- _Exercise material_:
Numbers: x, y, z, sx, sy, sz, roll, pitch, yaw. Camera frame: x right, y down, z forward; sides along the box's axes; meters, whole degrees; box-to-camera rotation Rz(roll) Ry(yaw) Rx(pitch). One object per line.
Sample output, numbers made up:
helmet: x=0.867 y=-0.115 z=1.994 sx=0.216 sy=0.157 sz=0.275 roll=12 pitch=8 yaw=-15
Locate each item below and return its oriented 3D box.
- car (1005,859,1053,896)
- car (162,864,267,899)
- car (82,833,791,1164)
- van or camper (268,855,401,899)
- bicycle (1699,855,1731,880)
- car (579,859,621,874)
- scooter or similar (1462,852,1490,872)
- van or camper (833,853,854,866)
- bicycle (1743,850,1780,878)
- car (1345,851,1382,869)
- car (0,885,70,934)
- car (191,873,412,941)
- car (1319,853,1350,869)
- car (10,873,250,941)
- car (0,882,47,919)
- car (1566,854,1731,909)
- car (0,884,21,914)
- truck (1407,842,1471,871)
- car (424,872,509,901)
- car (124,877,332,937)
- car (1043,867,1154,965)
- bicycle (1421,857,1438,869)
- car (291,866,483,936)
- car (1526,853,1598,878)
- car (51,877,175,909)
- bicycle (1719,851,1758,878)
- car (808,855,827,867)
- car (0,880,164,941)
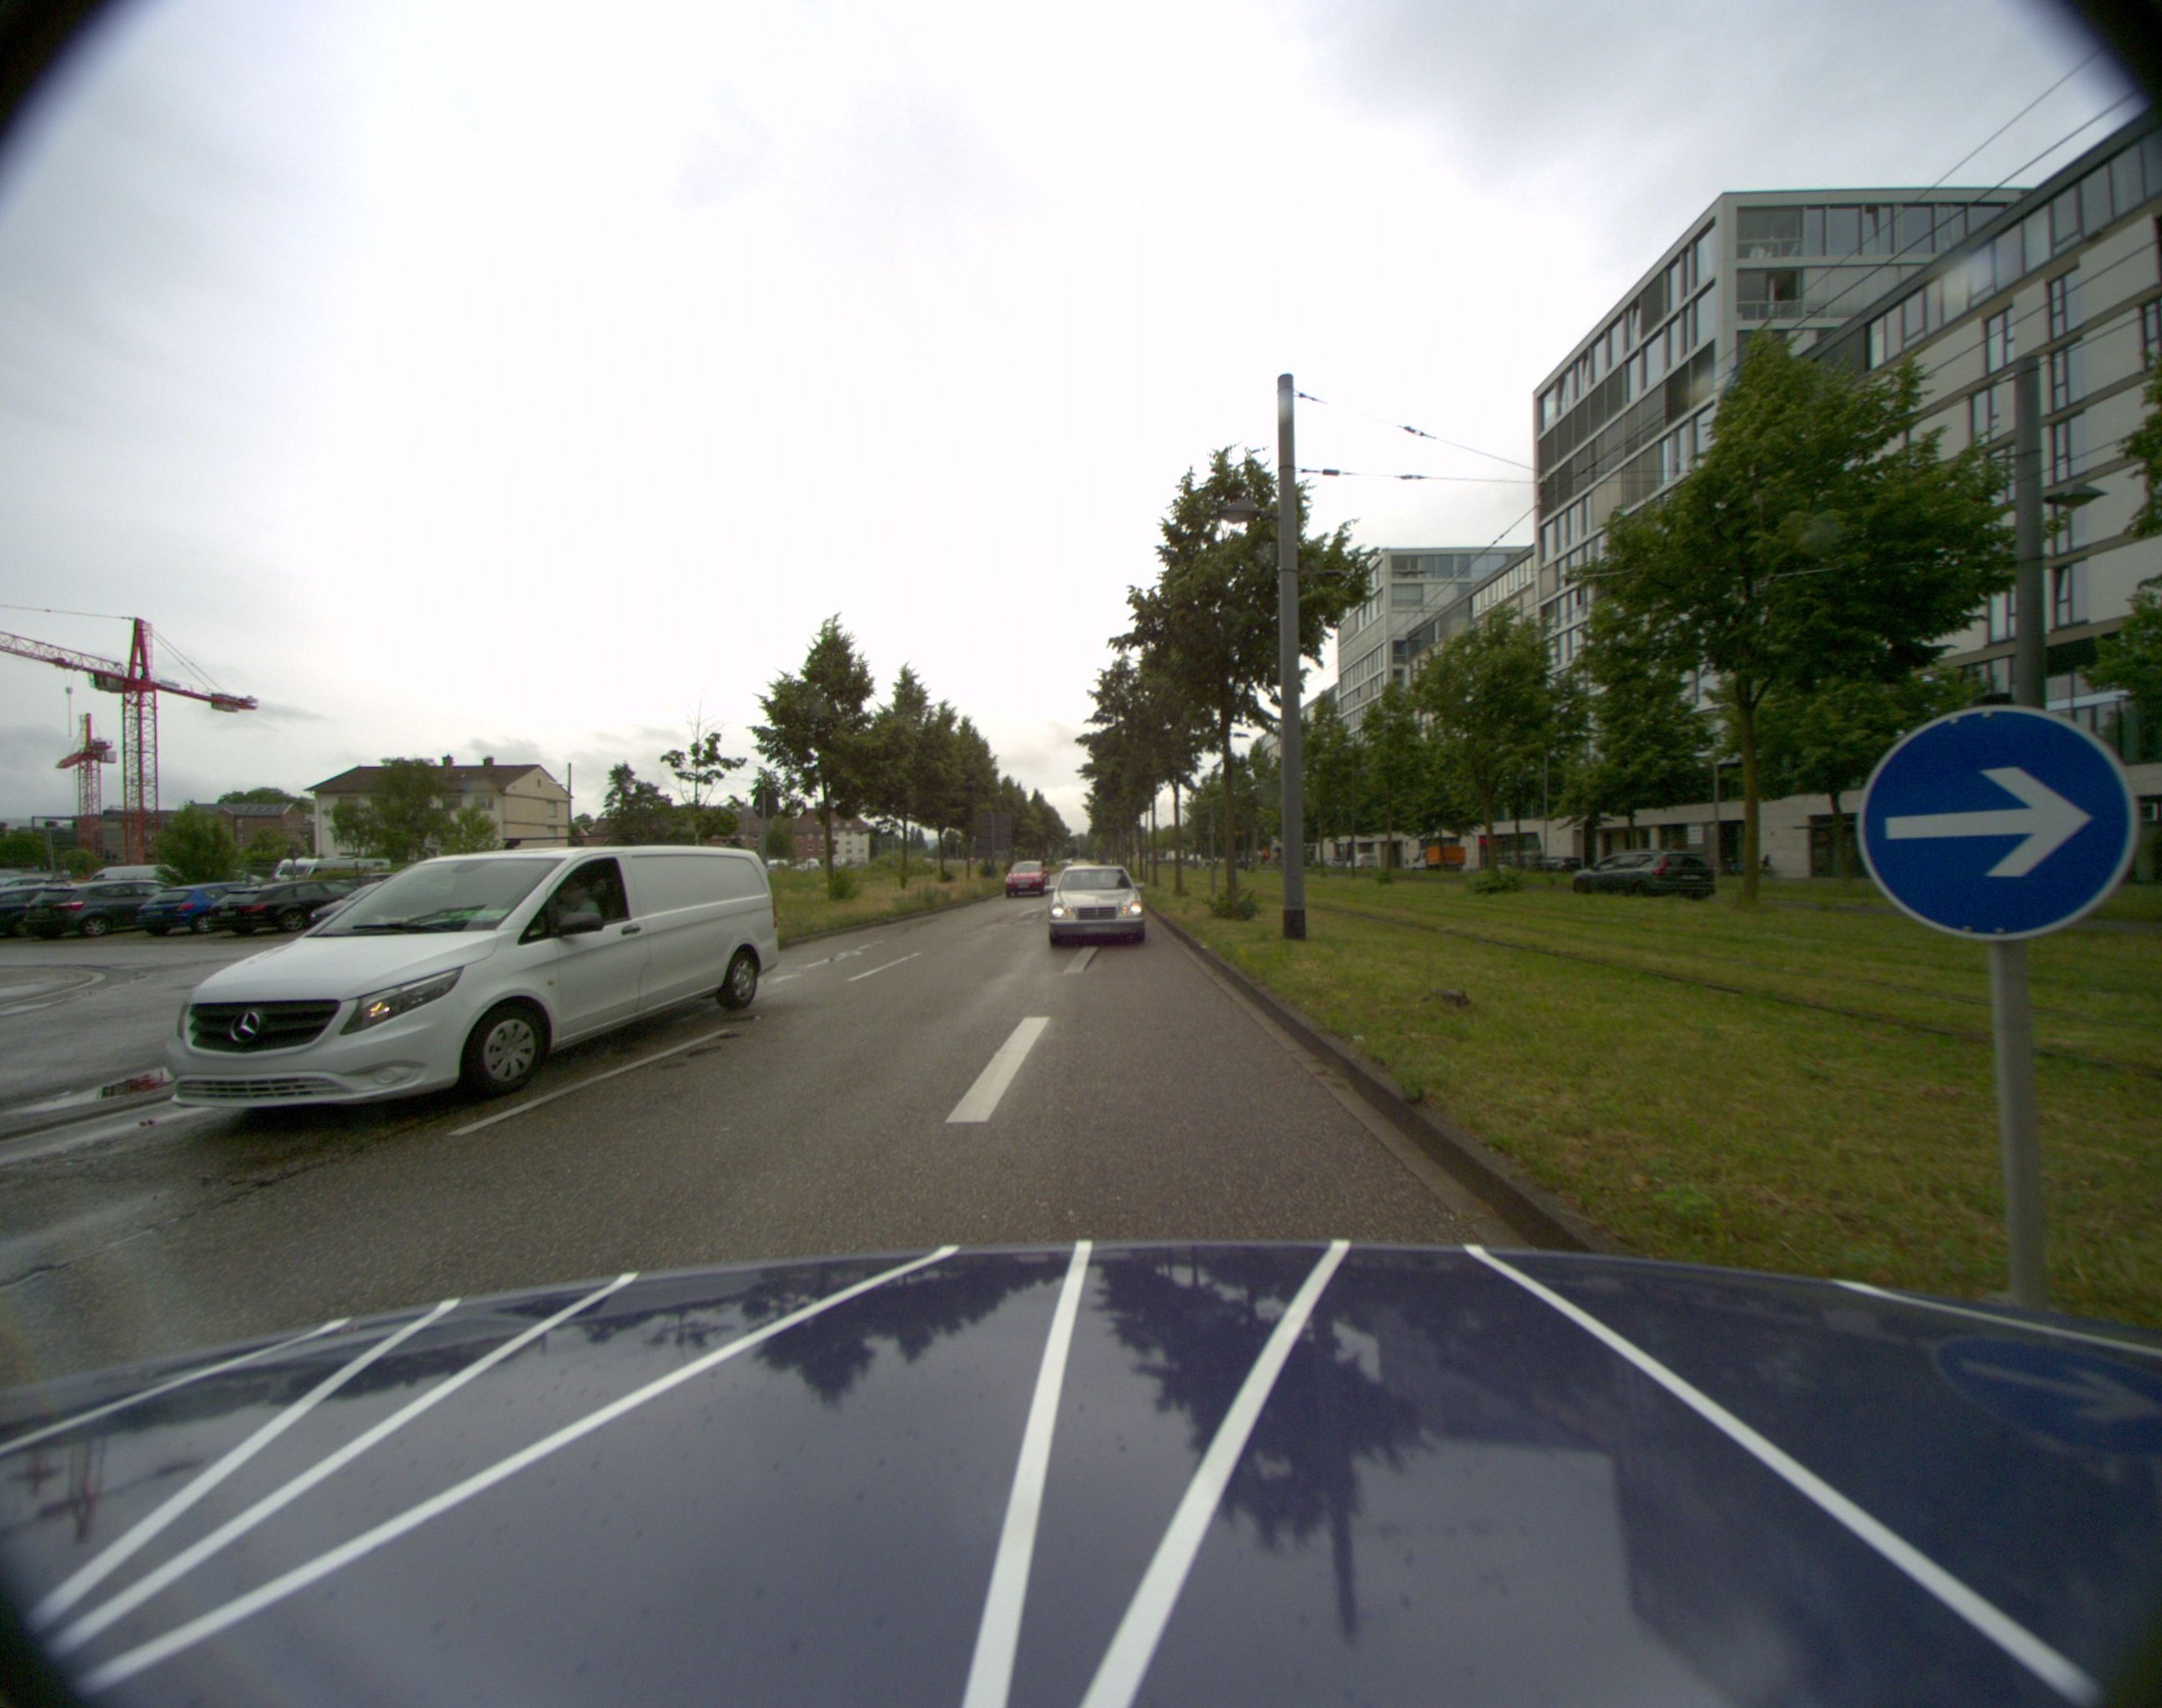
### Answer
car: x=-2.436 y=1.085 z=36.396 sx=1.799 sy=1.602 sz=4.246 roll=-2 pitch=0 yaw=2
car: x=-54.324 y=1.685 z=47.770 sx=1.700 sy=1.993 sz=4.165 roll=-1 pitch=0 yaw=2
car: x=-4.904 y=0.876 z=7.132 sx=1.971 sy=1.968 sz=5.093 roll=-1 pitch=0 yaw=5
van or camper: x=-54.475 y=1.584 z=55.724 sx=2.914 sy=2.976 sz=6.777 roll=-1 pitch=0 yaw=1
bicycle: x=38.691 y=0.812 z=46.381 sx=1.435 sy=1.474 sz=0.546 roll=-2 pitch=0 yaw=0
car: x=-61.265 y=1.582 z=96.935 sx=2.168 sy=1.883 sz=5.205 roll=-1 pitch=0 yaw=-3
scooter or similar: x=36.792 y=0.740 z=70.728 sx=2.130 sy=1.814 sz=0.885 roll=-2 pitch=0 yaw=-3
van or camper: x=-45.277 y=1.094 z=145.047 sx=2.208 sy=2.294 sz=6.147 roll=-3 pitch=0 yaw=-2
bicycle: x=38.819 y=0.578 z=43.352 sx=1.571 sy=1.529 sz=0.607 roll=-2 pitch=0 yaw=0
car: x=30.006 y=0.654 z=80.961 sx=1.998 sy=1.841 sz=5.164 roll=-1 pitch=0 yaw=0
car: x=-37.985 y=1.961 z=25.763 sx=1.859 sy=1.592 sz=4.002 roll=-1 pitch=0 yaw=6
car: x=-24.118 y=1.557 z=23.830 sx=1.859 sy=1.447 sz=4.555 roll=-1 pitch=4 yaw=6
car: x=29.859 y=0.804 z=89.647 sx=2.150 sy=1.702 sz=4.464 roll=-1 pitch=0 yaw=0
car: x=-30.309 y=1.626 z=24.486 sx=1.859 sy=1.593 sz=4.415 roll=-1 pitch=4 yaw=6
car: x=-47.899 y=2.147 z=32.466 sx=1.700 sy=1.438 sz=4.030 roll=-2 pitch=4 yaw=2
car: x=17.486 y=0.778 z=23.728 sx=1.867 sy=1.515 sz=4.479 roll=-1 pitch=0 yaw=1
car: x=-50.130 y=2.185 z=33.215 sx=1.700 sy=1.345 sz=4.031 roll=-1 pitch=4 yaw=4
truck: x=30.186 y=0.202 z=64.343 sx=2.432 sy=2.278 sz=6.309 roll=-1 pitch=0 yaw=1
car: x=-38.647 y=2.010 z=47.903 sx=1.859 sy=1.592 sz=4.002 roll=-1 pitch=0 yaw=6
car: x=-27.078 y=1.635 z=24.356 sx=1.859 sy=1.447 sz=4.000 roll=-1 pitch=3 yaw=6
car: x=0.281 y=1.032 z=14.442 sx=1.738 sy=1.451 sz=4.607 roll=-2 pitch=0 yaw=0
bicycle: x=27.801 y=0.678 z=60.639 sx=0.600 sy=0.939 sz=1.758 roll=-1 pitch=0 yaw=4
car: x=-21.314 y=1.369 z=23.588 sx=1.858 sy=1.573 sz=3.999 roll=-2 pitch=5 yaw=8
car: x=29.219 y=0.688 z=46.337 sx=1.859 sy=1.456 sz=3.988 roll=-1 pitch=0 yaw=0
car: x=-54.201 y=2.153 z=42.676 sx=1.700 sy=1.572 sz=4.032 roll=-1 pitch=0 yaw=1
bicycle: x=38.568 y=0.590 z=44.567 sx=1.707 sy=1.529 sz=0.681 roll=-2 pitch=0 yaw=0
car: x=-51.871 y=1.404 z=149.662 sx=2.278 sy=2.206 sz=4.758 roll=-2 pitch=0 yaw=-3
car: x=-32.971 y=1.782 z=24.329 sx=1.789 sy=1.467 sz=4.229 roll=-1 pitch=4 yaw=6

- _What is needed_: Word for word, retype all of the data above, but include no pictures.

- _Exercise result_:
Numbers: x, y, z, sx, sy, sz, roll, pitch, yaw. Camera frame: x right, y down, z forward; sides along the box's axes; meters, whole degrees; box-to-camera rotation Rz(roll) Ry(yaw) Rx(pitch). One object per line.
Sample output, numbers made up:
helmet: x=0.867 y=-0.115 z=1.994 sx=0.216 sy=0.157 sz=0.275 roll=12 pitch=8 yaw=-15
Locate each item below and return its oriented 3D box.
- car (1005,859,1053,896)
- car (162,864,267,899)
- car (82,833,791,1164)
- van or camper (268,855,401,899)
- bicycle (1699,855,1731,880)
- car (579,859,621,874)
- scooter or similar (1462,852,1490,872)
- van or camper (833,853,854,866)
- bicycle (1743,850,1780,878)
- car (1345,851,1382,869)
- car (0,885,70,934)
- car (191,873,412,941)
- car (1319,853,1350,869)
- car (10,873,250,941)
- car (0,882,47,919)
- car (1566,854,1731,909)
- car (0,884,21,914)
- truck (1407,842,1471,871)
- car (424,872,509,901)
- car (124,877,332,937)
- car (1043,867,1154,965)
- bicycle (1421,857,1438,869)
- car (291,866,483,936)
- car (1526,853,1598,878)
- car (51,877,175,909)
- bicycle (1719,851,1758,878)
- car (808,855,827,867)
- car (0,880,164,941)
### Answer
car: x=-2.436 y=1.085 z=36.396 sx=1.799 sy=1.602 sz=4.246 roll=-2 pitch=0 yaw=2
car: x=-54.324 y=1.685 z=47.770 sx=1.700 sy=1.993 sz=4.165 roll=-1 pitch=0 yaw=2
car: x=-4.904 y=0.876 z=7.132 sx=1.971 sy=1.968 sz=5.093 roll=-1 pitch=0 yaw=5
van or camper: x=-54.475 y=1.584 z=55.724 sx=2.914 sy=2.976 sz=6.777 roll=-1 pitch=0 yaw=1
bicycle: x=38.691 y=0.812 z=46.381 sx=1.435 sy=1.474 sz=0.546 roll=-2 pitch=0 yaw=0
car: x=-61.265 y=1.582 z=96.935 sx=2.168 sy=1.883 sz=5.205 roll=-1 pitch=0 yaw=-3
scooter or similar: x=36.792 y=0.740 z=70.728 sx=2.130 sy=1.814 sz=0.885 roll=-2 pitch=0 yaw=-3
van or camper: x=-45.277 y=1.094 z=145.047 sx=2.208 sy=2.294 sz=6.147 roll=-3 pitch=0 yaw=-2
bicycle: x=38.819 y=0.578 z=43.352 sx=1.571 sy=1.529 sz=0.607 roll=-2 pitch=0 yaw=0
car: x=30.006 y=0.654 z=80.961 sx=1.998 sy=1.841 sz=5.164 roll=-1 pitch=0 yaw=0
car: x=-37.985 y=1.961 z=25.763 sx=1.859 sy=1.592 sz=4.002 roll=-1 pitch=0 yaw=6
car: x=-24.118 y=1.557 z=23.830 sx=1.859 sy=1.447 sz=4.555 roll=-1 pitch=4 yaw=6
car: x=29.859 y=0.804 z=89.647 sx=2.150 sy=1.702 sz=4.464 roll=-1 pitch=0 yaw=0
car: x=-30.309 y=1.626 z=24.486 sx=1.859 sy=1.593 sz=4.415 roll=-1 pitch=4 yaw=6
car: x=-47.899 y=2.147 z=32.466 sx=1.700 sy=1.438 sz=4.030 roll=-2 pitch=4 yaw=2
car: x=17.486 y=0.778 z=23.728 sx=1.867 sy=1.515 sz=4.479 roll=-1 pitch=0 yaw=1
car: x=-50.130 y=2.185 z=33.215 sx=1.700 sy=1.345 sz=4.031 roll=-1 pitch=4 yaw=4
truck: x=30.186 y=0.202 z=64.343 sx=2.432 sy=2.278 sz=6.309 roll=-1 pitch=0 yaw=1
car: x=-38.647 y=2.010 z=47.903 sx=1.859 sy=1.592 sz=4.002 roll=-1 pitch=0 yaw=6
car: x=-27.078 y=1.635 z=24.356 sx=1.859 sy=1.447 sz=4.000 roll=-1 pitch=3 yaw=6
car: x=0.281 y=1.032 z=14.442 sx=1.738 sy=1.451 sz=4.607 roll=-2 pitch=0 yaw=0
bicycle: x=27.801 y=0.678 z=60.639 sx=0.600 sy=0.939 sz=1.758 roll=-1 pitch=0 yaw=4
car: x=-21.314 y=1.369 z=23.588 sx=1.858 sy=1.573 sz=3.999 roll=-2 pitch=5 yaw=8
car: x=29.219 y=0.688 z=46.337 sx=1.859 sy=1.456 sz=3.988 roll=-1 pitch=0 yaw=0
car: x=-54.201 y=2.153 z=42.676 sx=1.700 sy=1.572 sz=4.032 roll=-1 pitch=0 yaw=1
bicycle: x=38.568 y=0.590 z=44.567 sx=1.707 sy=1.529 sz=0.681 roll=-2 pitch=0 yaw=0
car: x=-51.871 y=1.404 z=149.662 sx=2.278 sy=2.206 sz=4.758 roll=-2 pitch=0 yaw=-3
car: x=-32.971 y=1.782 z=24.329 sx=1.789 sy=1.467 sz=4.229 roll=-1 pitch=4 yaw=6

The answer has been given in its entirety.